_Data for review:_
▬▬▬▬▬▬▬▬▬▬

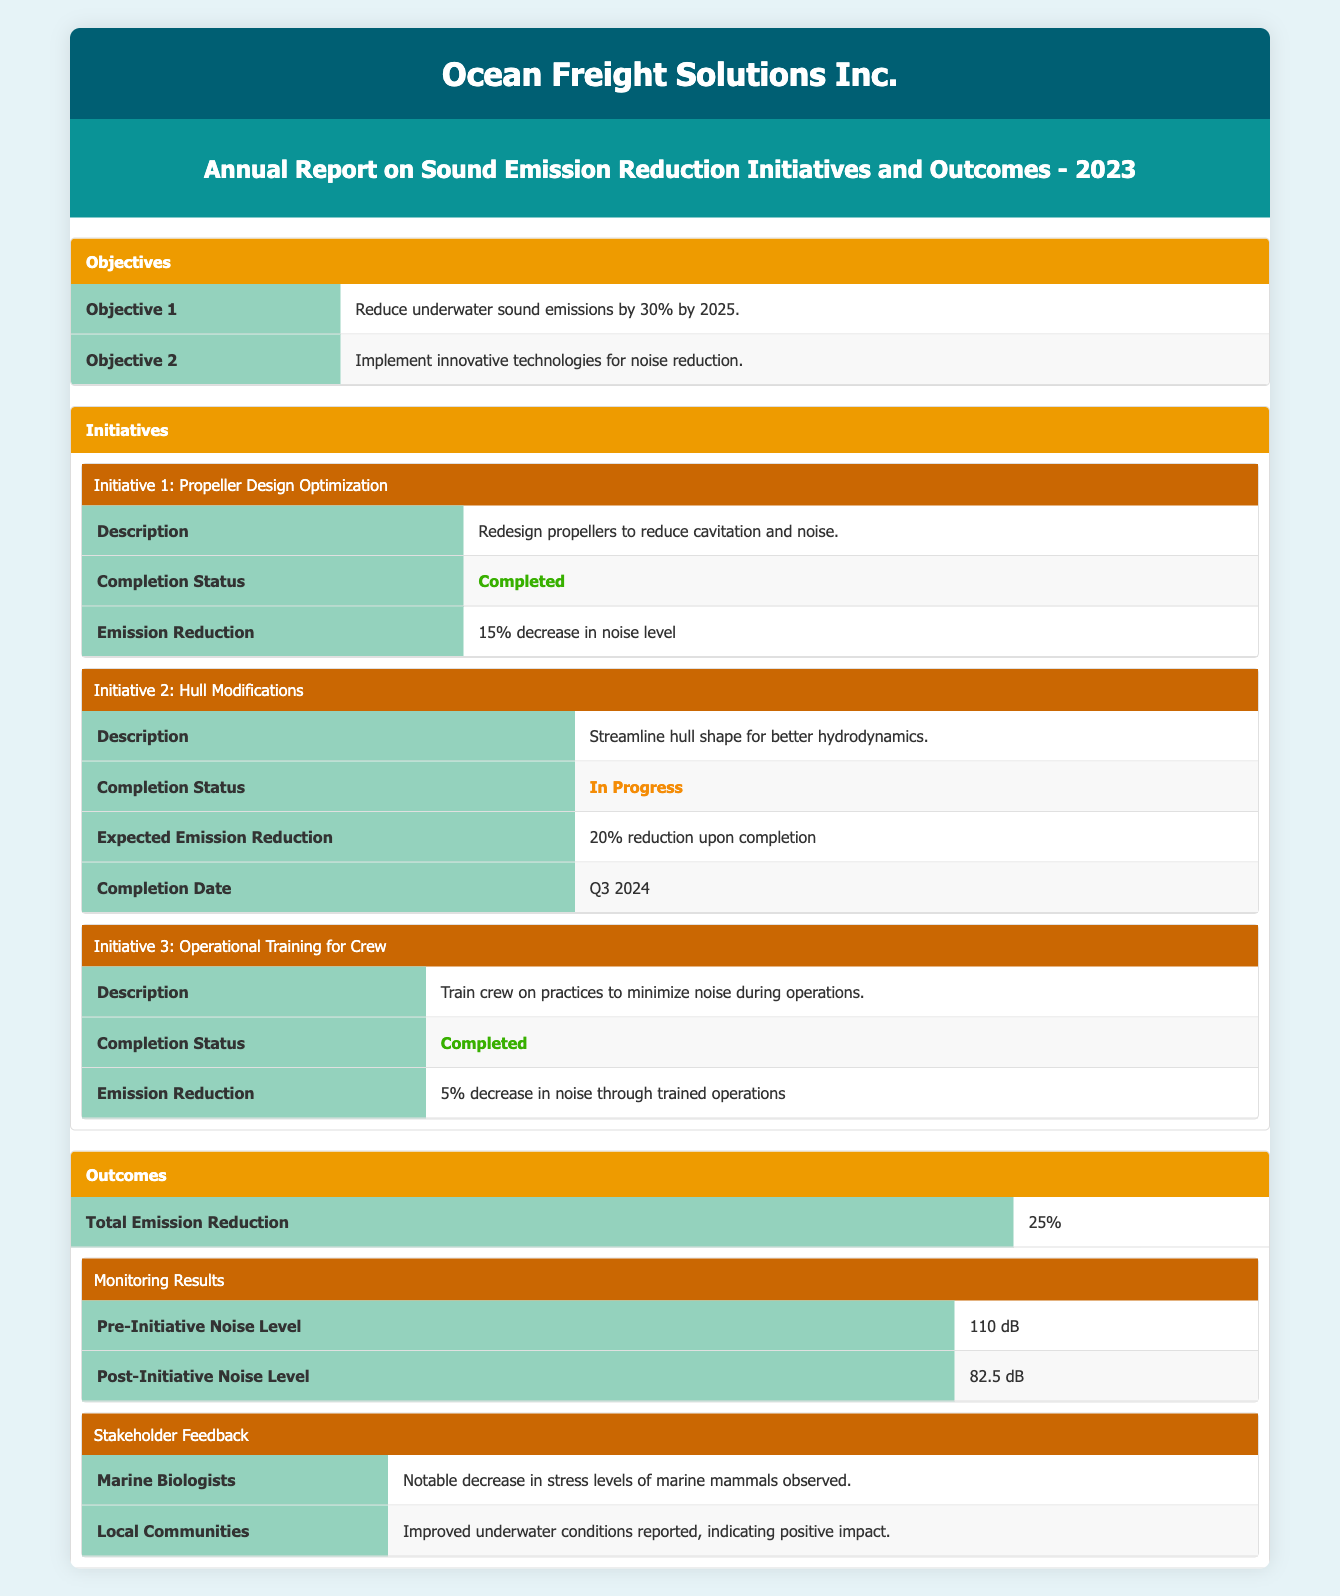What is the objective for reducing underwater sound emissions? The table states that the first objective is "Reduce underwater sound emissions by 30% by 2025." This can be directly retrieved from the "Objectives" section.
Answer: Reduce underwater sound emissions by 30% by 2025 Which initiative has been completed? By examining the "Completion Status" in the "Initiatives" section, I can see that both "Propeller Design Optimization" and "Operational Training for Crew" have the status "Completed." Therefore, the answer is specific to those initiatives.
Answer: Propeller Design Optimization and Operational Training for Crew What is the expected emission reduction from Hull Modifications? I can find this information in the "Initiative2" section where it states "Expected Emission Reduction: 20% reduction upon completion."
Answer: 20% reduction upon completion How much noise reduction was achieved through the completed initiatives? The completed initiatives are "Propeller Design Optimization" (15% reduction) and "Operational Training for Crew" (5% reduction). Summing these gives a total of 20% noise reduction from completed initiatives.
Answer: 20% noise reduction Did monitoring results show a decrease in noise level post-initiatives? According to the "Monitoring Results" section, the pre-initiative noise level was 110 dB and the post-initiative noise level was 82.5 dB. Since 82.5 dB is less than 110 dB, this confirms that there was a decrease in noise level.
Answer: Yes What is the total emission reduction achieved so far? The "Outcomes" section explicitly states "Total Emission Reduction: 25%." This is directly retrievable from the table.
Answer: 25% How much noise level was reduced in terms of decibels? The difference between the pre-initiative noise level (110 dB) and the post-initiative noise level (82.5 dB) gives the reduction. Calculating this gives: 110 dB - 82.5 dB = 27.5 dB.
Answer: 27.5 dB What was the feedback from local communities? The table includes a section for "Stakeholder Feedback," where local communities reported "Improved underwater conditions reported, indicating positive impact." This comment can be found in the relevant subsection.
Answer: Improved underwater conditions reported, indicating positive impact Is the completion status of Hull Modifications marked as completed? In the "Initiatives" section, the completion status for Hull Modifications is listed as "In Progress," which means it has not yet been completed. Thus, the answer is based on the available information in this section.
Answer: No

▬▬▬▬▬▬▬▬▬▬

_Directions for this task:_ Look at the listing and set down only the lines from its start through the line with "Answer: Propeller Design", word for word and without pictures.

_Task solution:_
What is the objective for reducing underwater sound emissions? The table states that the first objective is "Reduce underwater sound emissions by 30% by 2025." This can be directly retrieved from the "Objectives" section.
Answer: Reduce underwater sound emissions by 30% by 2025 Which initiative has been completed? By examining the "Completion Status" in the "Initiatives" section, I can see that both "Propeller Design Optimization" and "Operational Training for Crew" have the status "Completed." Therefore, the answer is specific to those initiatives.
Answer: Propeller Design Optimization and Operational Training for Crew What is the expected emission reduction from Hull Modifications? I can find this information in the "Initiative2" section where it states "Expected Emission Reduction: 20% reduction upon completion."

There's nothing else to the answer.